I’ve recently been studying Isaiah 58 and have been struck by how we often mistake sinfulness for anti-religious behavior. Here, the sin God denounces is improper piety.
God tells Isaiah to “cry aloud” with a voice like a trumpet against the people’s sin (58:1). When we read the subsequent verses we see that the problem was not that they were irreligious. In fact, they were very devout (58:2-3). The sin was that the heart of their worship was wrong. Instead of genuinely seeking after God, they were practicing a self-serving religion.
They complained, “We fast and you don’t see. We afflict our souls and you ignore us.” God says they fasted “to make their voice to be heard on high.” (58:3-4)
This is not merely about fasting. It is about all forms of expressed worship. If I pray, give, sing, preach, or serve to increase my stature with man or with God I have a me-centered religion.

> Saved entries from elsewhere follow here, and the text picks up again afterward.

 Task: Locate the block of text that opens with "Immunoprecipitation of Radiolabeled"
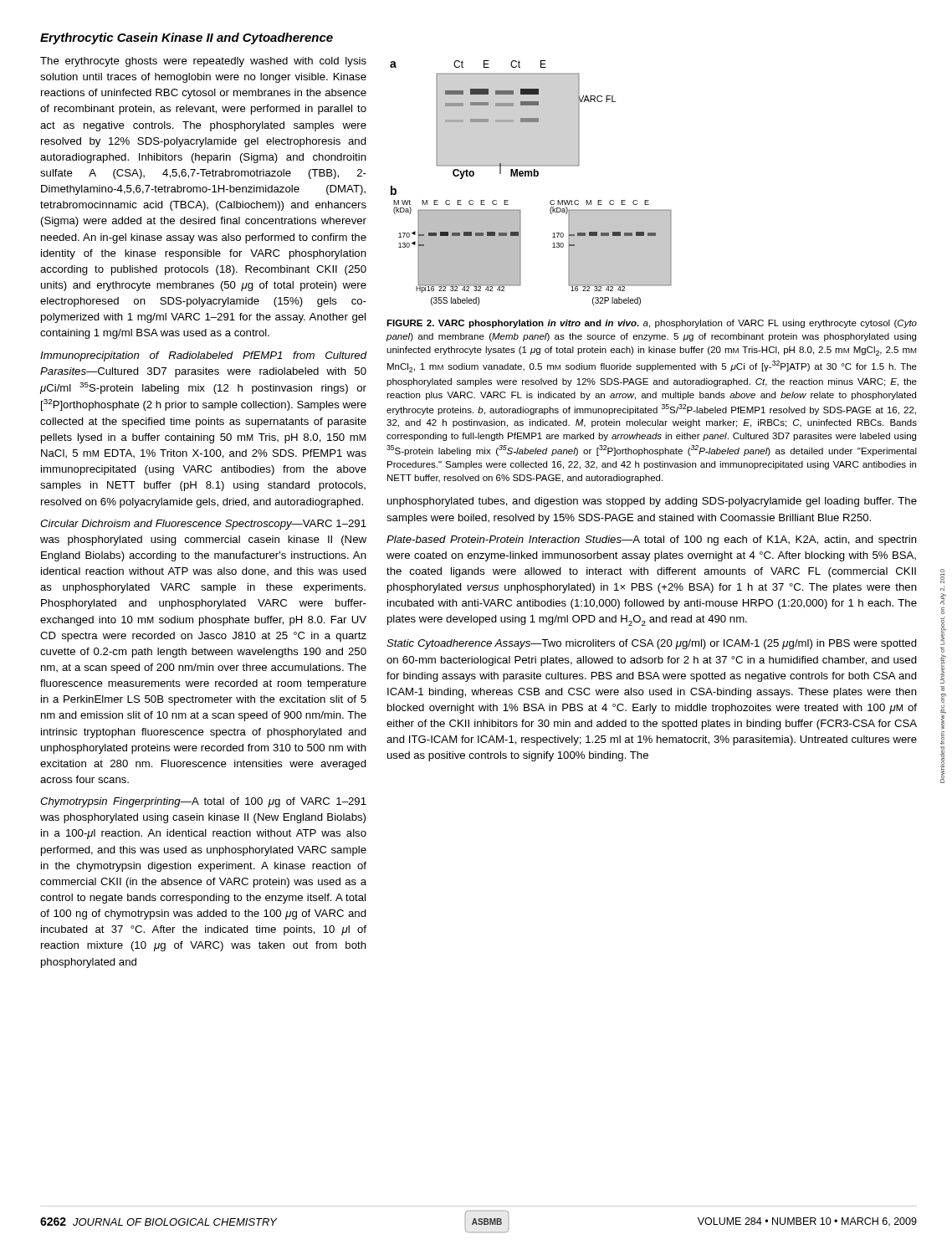203,428
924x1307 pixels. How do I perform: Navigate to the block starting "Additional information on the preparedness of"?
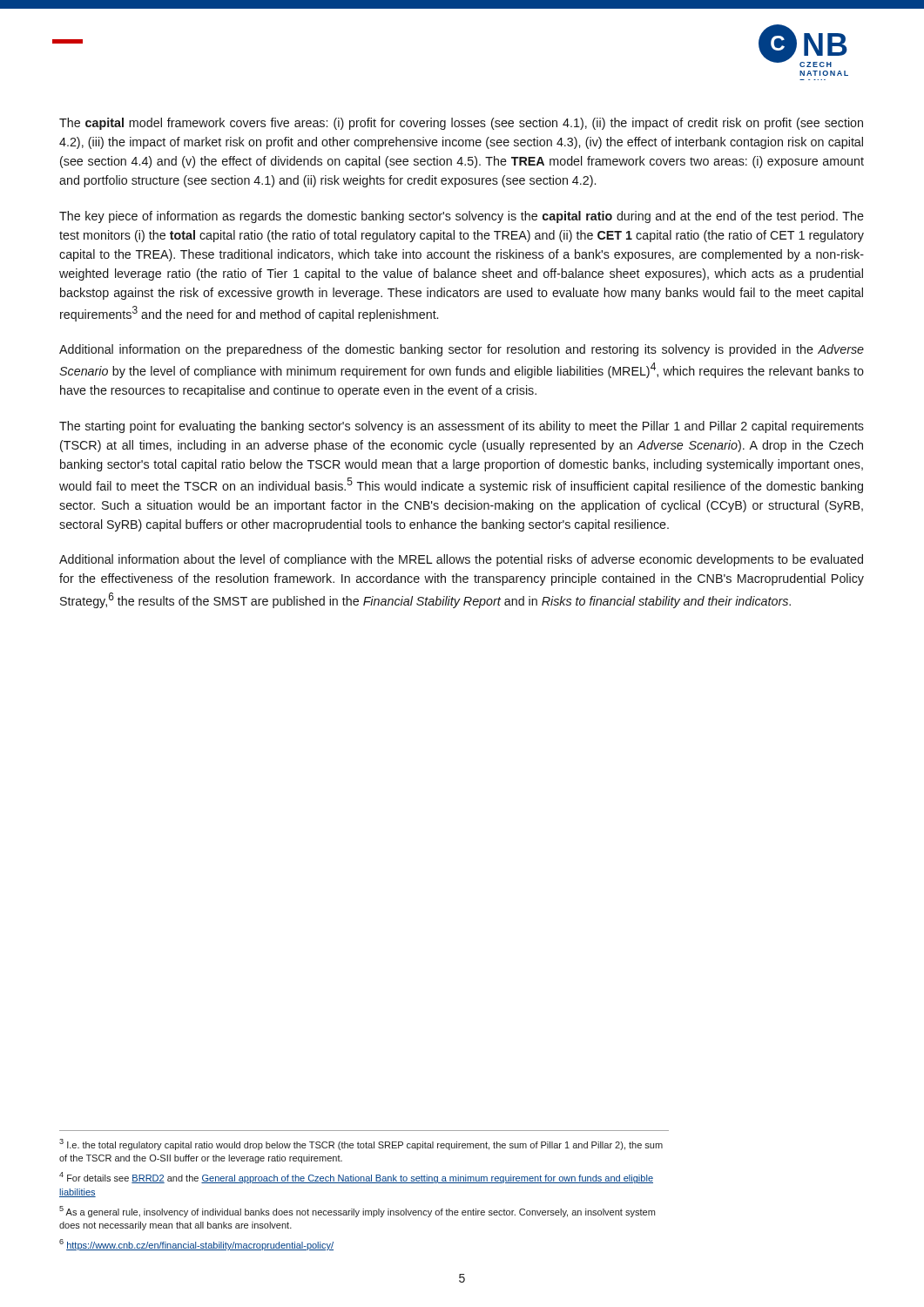click(x=462, y=370)
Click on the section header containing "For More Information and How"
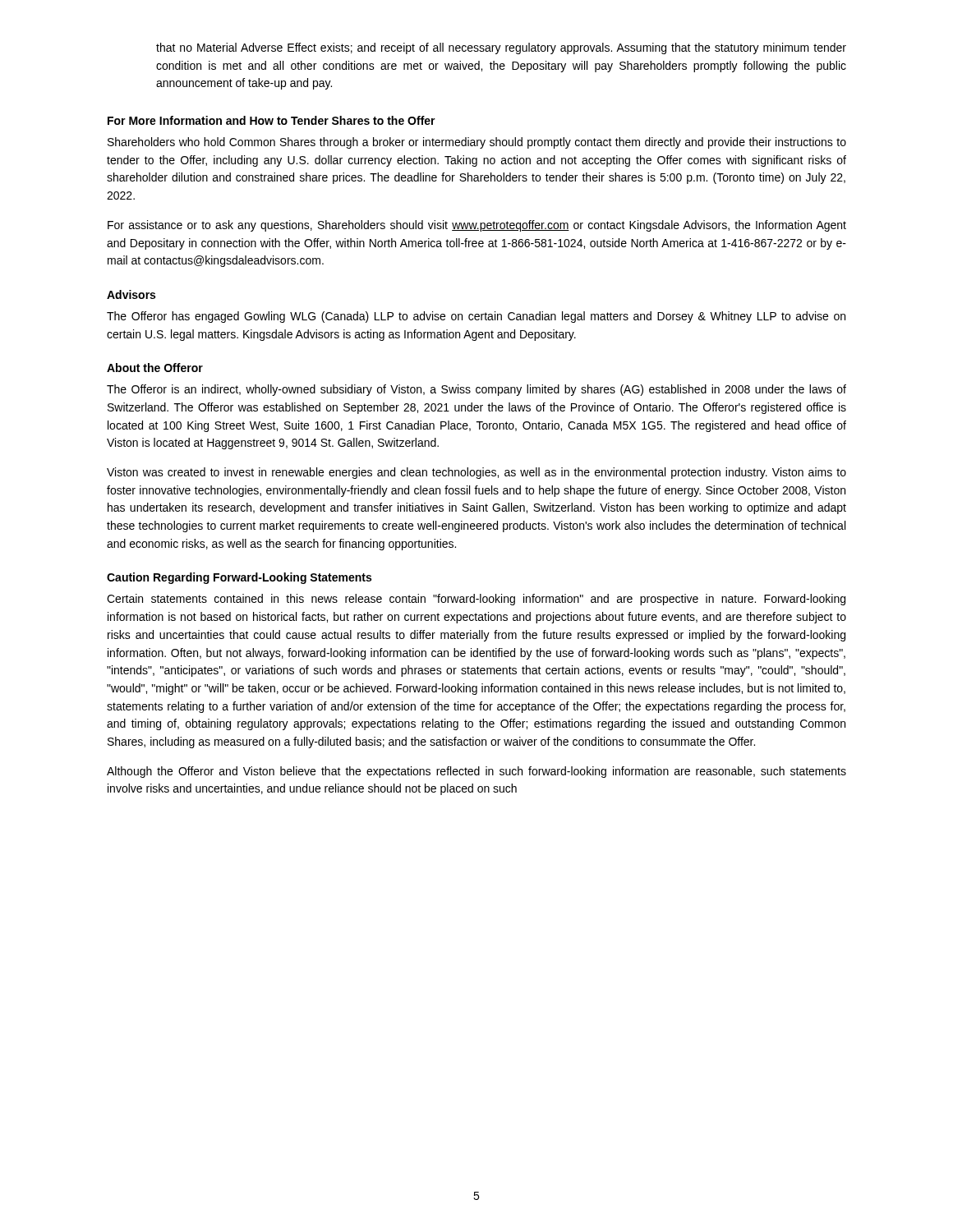 (271, 121)
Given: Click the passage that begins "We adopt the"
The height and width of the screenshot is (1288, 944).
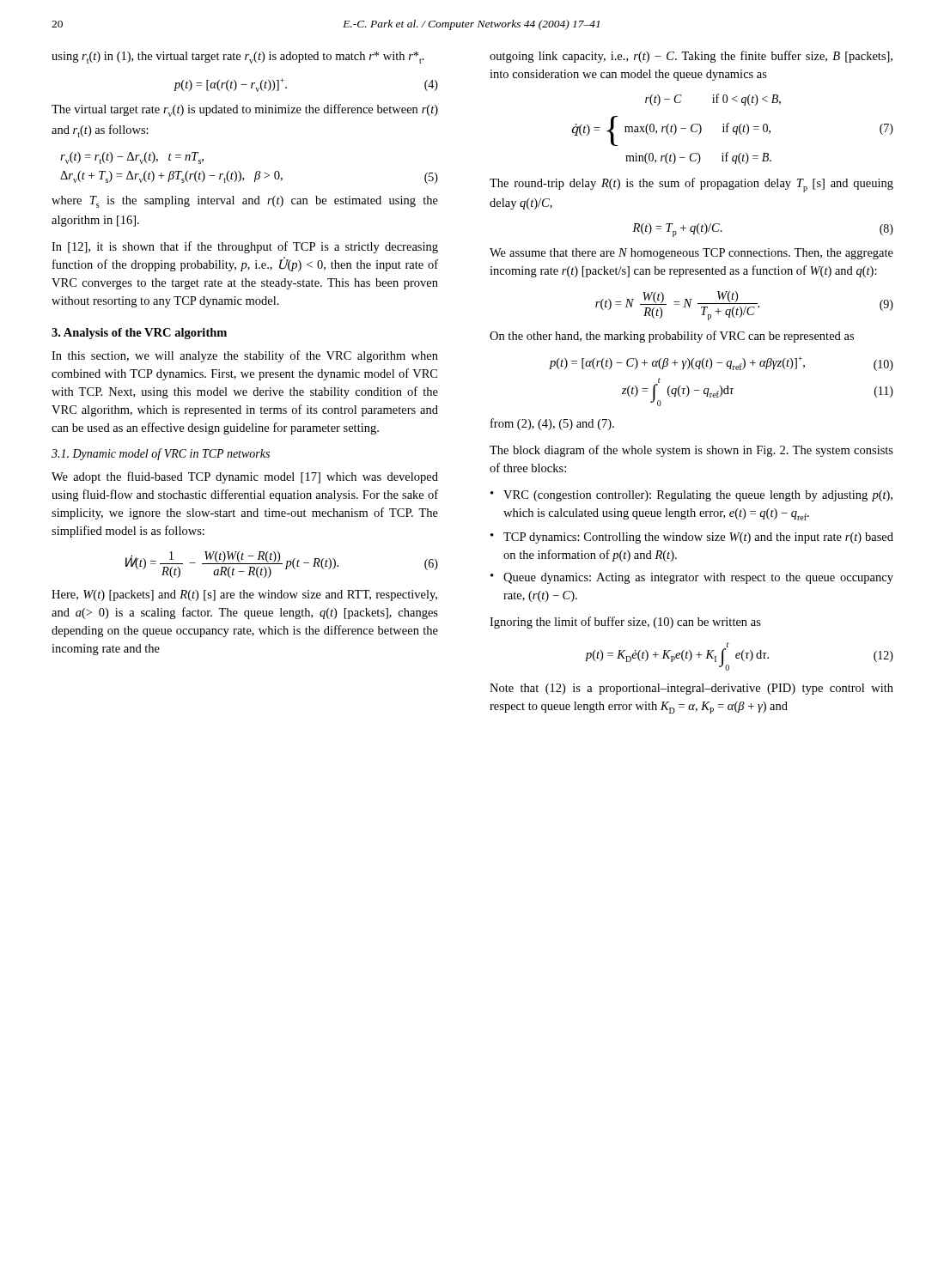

We can do any of these things “to be seen of men,” or to “be heard” by God. (Matthew 6:1-18) We can display commendable doctrine and works (Revelation 2:1-7), but if we do them out of love for ourselves rather than love for God they are a “sounding brass and tinkling cymbal.” (1 Corinthians 13:1)
Religious expression is not about making a show of myself, nor is it making sure God likes me more. It is about expressing love for God (Isaiah 58:5), which radically alters how we express love to others (Isaiah 58:6-7), and brings the blessings of God’s love to us (Isaiah 58:8-12).
This matter is not exclusive to those listening to Isaiah. It was true of the Pharisees in Jesus’ day. It was true of the Ephesians in John’s. It’s true of us.
Religious deeds designed to increase my favor with man or God are offered only at the altar of Me.